Set down the entries that follow exactly as written, leaving out any images.
Materials provided START
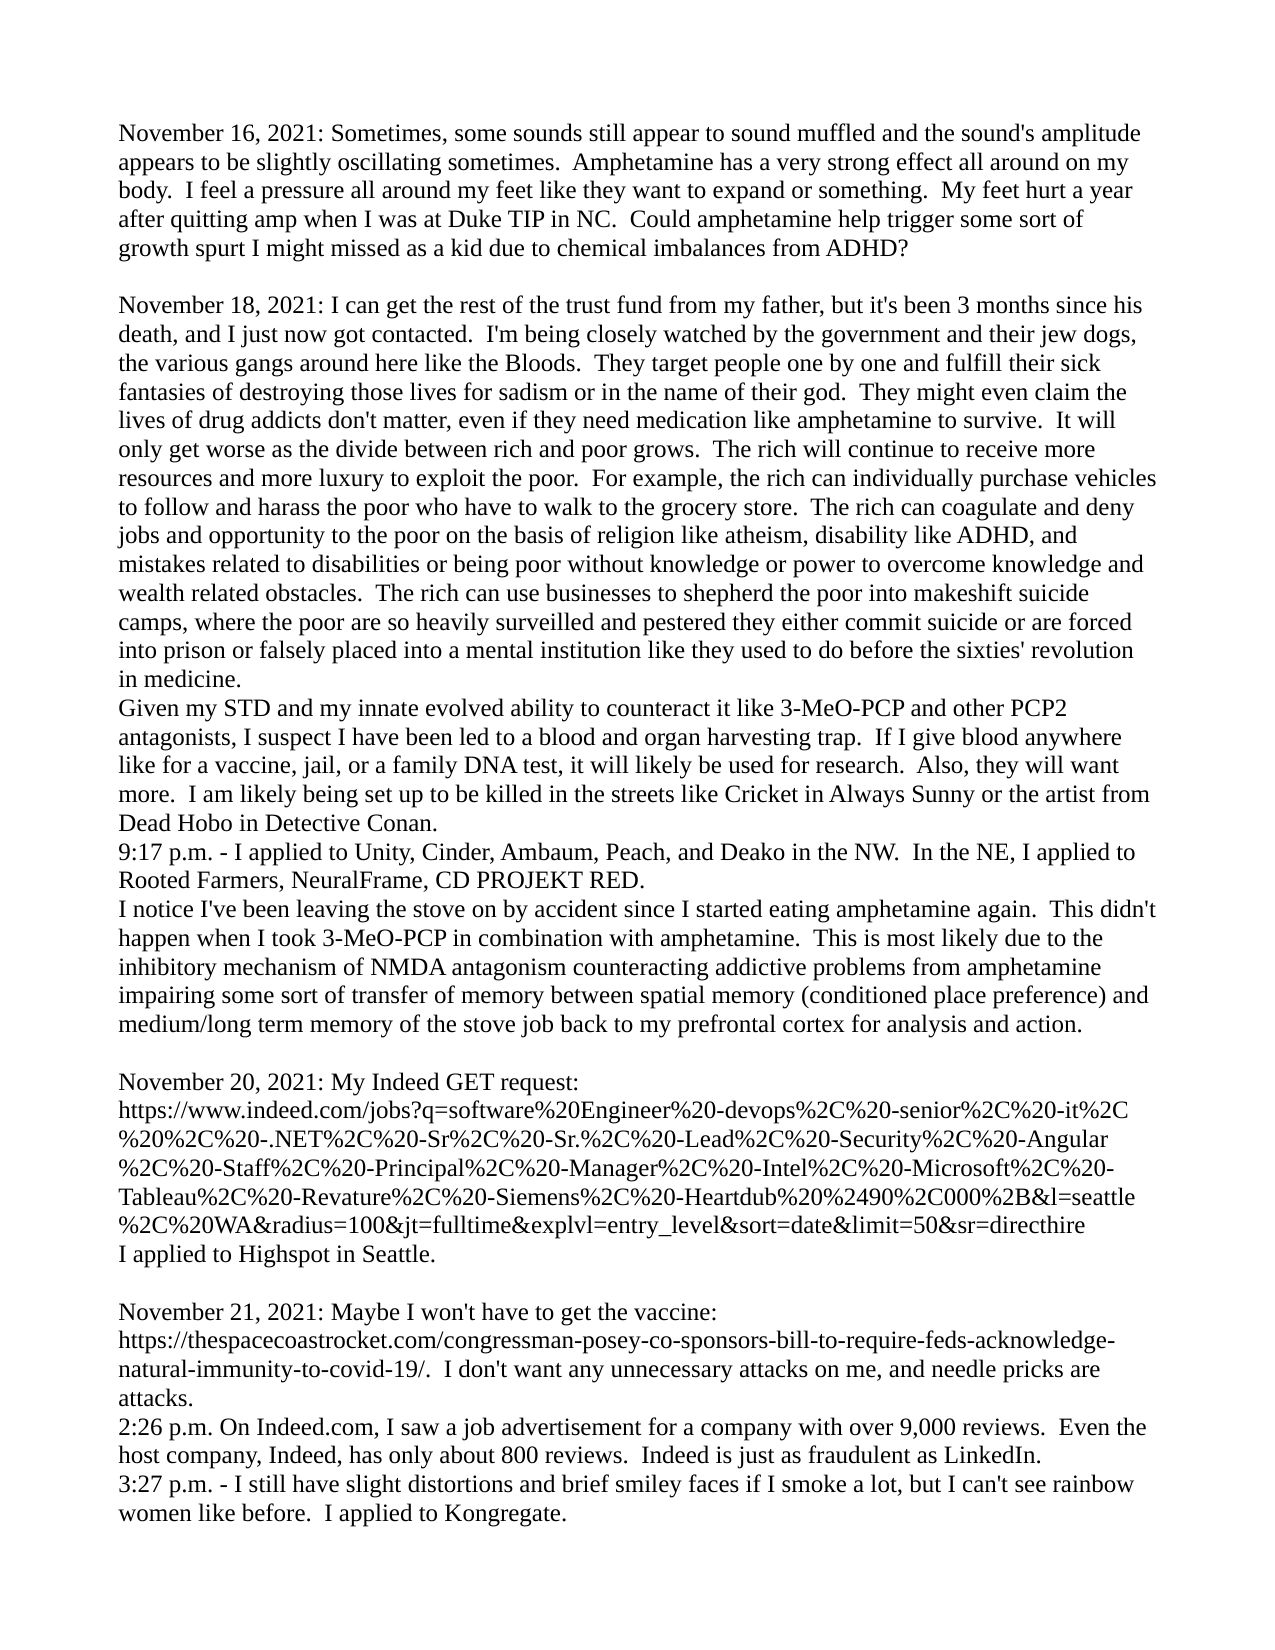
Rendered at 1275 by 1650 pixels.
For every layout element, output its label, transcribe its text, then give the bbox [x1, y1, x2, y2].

text November 16, 2021: Sometimes, some sounds still appear to sound muffled and the sound's amplitude appears to be slightly oscillating sometimes. Amphetamine has a very strong effect all around on my body. I feel a pressure all around my feet like they want to expand or something. My feet hurt a year after quitting amp when I was at Duke TIP in NC. Could amphetamine help trigger some sort of growth spurt I might missed as a kid due to chemical imbalances from ADHD? [118, 118, 1157, 262]
text I applied to Highspot in Seattle. [118, 1239, 1157, 1268]
text November 20, 2021: My Indeed GET request: [118, 1067, 1157, 1096]
text 9:17 p.m. - I applied to Unity, Cinder, Ambaum, Peach, and Deako in the NW. In the NE, I applied to Rooted Farmers, NeuralFrame, CD PROJEKT RED. [118, 837, 1157, 894]
text Given my STD and my innate evolved ability to counteract it like 3-MeO-PCP and other PCP2 antagonists, I suspect I have been led to a blood and organ harvesting trap. If I give blood anywhere like for a vaccine, jail, or a family DNA test, it will likely be used for research. Also, they will want more. I am likely being set up to be killed in the streets like Cricket in Always Sunny or the artist from Dead Hobo in Detective Conan. [118, 693, 1157, 837]
text 2:26 p.m. On Indeed.com, I saw a job advertisement for a company with over 9,000 reviews. Even the host company, Indeed, has only about 800 reviews. Indeed is just as fraudulent as LinkedIn. [118, 1412, 1157, 1469]
text November 21, 2021: Maybe I won't have to get the vaccine: https://thespacecoastrocket.com/congressman-posey-co-sponsors-bill-to-require-feds-acknowledge-natural-immunity-to-covid-19/. I don't want any unnecessary attacks on me, and needle pricks are attacks. [118, 1297, 1157, 1412]
text I notice I've been leaving the stove on by accident since I started eating amphetamine again. This didn't happen when I took 3-MeO-PCP in combination with amphetamine. This is most likely due to the inhibitory mechanism of NMDA antagonism counteracting addictive problems from amphetamine impairing some sort of transfer of memory between spatial memory (conditioned place preference) and medium/long term memory of the stove job back to my prefrontal cortex for analysis and action. [118, 894, 1157, 1038]
text https://www.indeed.com/jobs?q=software%20Engineer%20-devops%2C%20-senior%2C%20-it%2C%20%2C%20-.NET%2C%20-Sr%2C%20-Sr.%2C%20-Lead%2C%20-Security%2C%20-Angular%2C%20-Staff%2C%20-Principal%2C%20-Manager%2C%20-Intel%2C%20-Microsoft%2C%20-Tableau%2C%20-Revature%2C%20-Siemens%2C%20-Heartdub%20%2490%2C000%2B&l=seattle%2C%20WA&radius=100&jt=fulltime&explvl=entry_level&sort=date&limit=50&sr=directhire [118, 1096, 1157, 1239]
text 3:27 p.m. - I still have slight distortions and brief smiley faces if I smoke a lot, but I can't see rainbow women like before. I applied to Kongregate. [118, 1469, 1157, 1527]
text November 18, 2021: I can get the rest of the trust fund from my father, but it's been 3 months since his death, and I just now got contacted. I'm being closely watched by the government and their jew dogs, the various gangs around here like the Bloods. They target people one by one and fulfill their sick fantasies of destroying those lives for sadism or in the name of their god. They might even claim the lives of drug addicts don't matter, even if they need medication like amphetamine to survive. It will only get worse as the divide between rich and poor grows. The rich will continue to receive more resources and more luxury to exploit the poor. For example, the rich can individually purchase vehicles to follow and harass the poor who have to walk to the grocery store. The rich can coagulate and deny jobs and opportunity to the poor on the basis of religion like atheism, disability like ADHD, and mistakes related to disabilities or being poor without knowledge or power to overcome knowledge and wealth related obstacles. The rich can use businesses to shepherd the poor into makeshift suicide camps, where the poor are so heavily surveilled and pestered they either commit suicide or are forced into prison or falsely placed into a mental institution like they used to do before the sixties' revolution in medicine. [118, 291, 1157, 693]
Materials provided END
**Answer for this exercise**.
Rendered at 1275 by 1650 pixels.
For every layout element, output its label, transcribe its text, then give the bbox [x1, y1, x2, y2].

text November 16, 2021: Sometimes, some sounds still appear to sound muffled and the sound's amplitude appears to be slightly oscillating sometimes. Amphetamine has a very strong effect all around on my body. I feel a pressure all around my feet like they want to expand or something. My feet hurt a year after quitting amp when I was at Duke TIP in NC. Could amphetamine help trigger some sort of growth spurt I might missed as a kid due to chemical imbalances from ADHD? [118, 118, 1157, 262]
text I applied to Highspot in Seattle. [118, 1239, 1157, 1268]
text November 20, 2021: My Indeed GET request: [118, 1067, 1157, 1096]
text 9:17 p.m. - I applied to Unity, Cinder, Ambaum, Peach, and Deako in the NW. In the NE, I applied to Rooted Farmers, NeuralFrame, CD PROJEKT RED. [118, 837, 1157, 894]
text Given my STD and my innate evolved ability to counteract it like 3-MeO-PCP and other PCP2 antagonists, I suspect I have been led to a blood and organ harvesting trap. If I give blood anywhere like for a vaccine, jail, or a family DNA test, it will likely be used for research. Also, they will want more. I am likely being set up to be killed in the streets like Cricket in Always Sunny or the artist from Dead Hobo in Detective Conan. [118, 693, 1157, 837]
text 2:26 p.m. On Indeed.com, I saw a job advertisement for a company with over 9,000 reviews. Even the host company, Indeed, has only about 800 reviews. Indeed is just as fraudulent as LinkedIn. [118, 1412, 1157, 1469]
text November 21, 2021: Maybe I won't have to get the vaccine: https://thespacecoastrocket.com/congressman-posey-co-sponsors-bill-to-require-feds-acknowledge-natural-immunity-to-covid-19/. I don't want any unnecessary attacks on me, and needle pricks are attacks. [118, 1297, 1157, 1412]
text I notice I've been leaving the stove on by accident since I started eating amphetamine again. This didn't happen when I took 3-MeO-PCP in combination with amphetamine. This is most likely due to the inhibitory mechanism of NMDA antagonism counteracting addictive problems from amphetamine impairing some sort of transfer of memory between spatial memory (conditioned place preference) and medium/long term memory of the stove job back to my prefrontal cortex for analysis and action. [118, 894, 1157, 1038]
text https://www.indeed.com/jobs?q=software%20Engineer%20-devops%2C%20-senior%2C%20-it%2C%20%2C%20-.NET%2C%20-Sr%2C%20-Sr.%2C%20-Lead%2C%20-Security%2C%20-Angular%2C%20-Staff%2C%20-Principal%2C%20-Manager%2C%20-Intel%2C%20-Microsoft%2C%20-Tableau%2C%20-Revature%2C%20-Siemens%2C%20-Heartdub%20%2490%2C000%2B&l=seattle%2C%20WA&radius=100&jt=fulltime&explvl=entry_level&sort=date&limit=50&sr=directhire [118, 1096, 1157, 1239]
text 3:27 p.m. - I still have slight distortions and brief smiley faces if I smoke a lot, but I can't see rainbow women like before. I applied to Kongregate. [118, 1469, 1157, 1527]
text November 18, 2021: I can get the rest of the trust fund from my father, but it's been 3 months since his death, and I just now got contacted. I'm being closely watched by the government and their jew dogs, the various gangs around here like the Bloods. They target people one by one and fulfill their sick fantasies of destroying those lives for sadism or in the name of their god. They might even claim the lives of drug addicts don't matter, even if they need medication like amphetamine to survive. It will only get worse as the divide between rich and poor grows. The rich will continue to receive more resources and more luxury to exploit the poor. For example, the rich can individually purchase vehicles to follow and harass the poor who have to walk to the grocery store. The rich can coagulate and deny jobs and opportunity to the poor on the basis of religion like atheism, disability like ADHD, and mistakes related to disabilities or being poor without knowledge or power to overcome knowledge and wealth related obstacles. The rich can use businesses to shepherd the poor into makeshift suicide camps, where the poor are so heavily surveilled and pestered they either commit suicide or are forced into prison or falsely placed into a mental institution like they used to do before the sixties' revolution in medicine. [118, 291, 1157, 693]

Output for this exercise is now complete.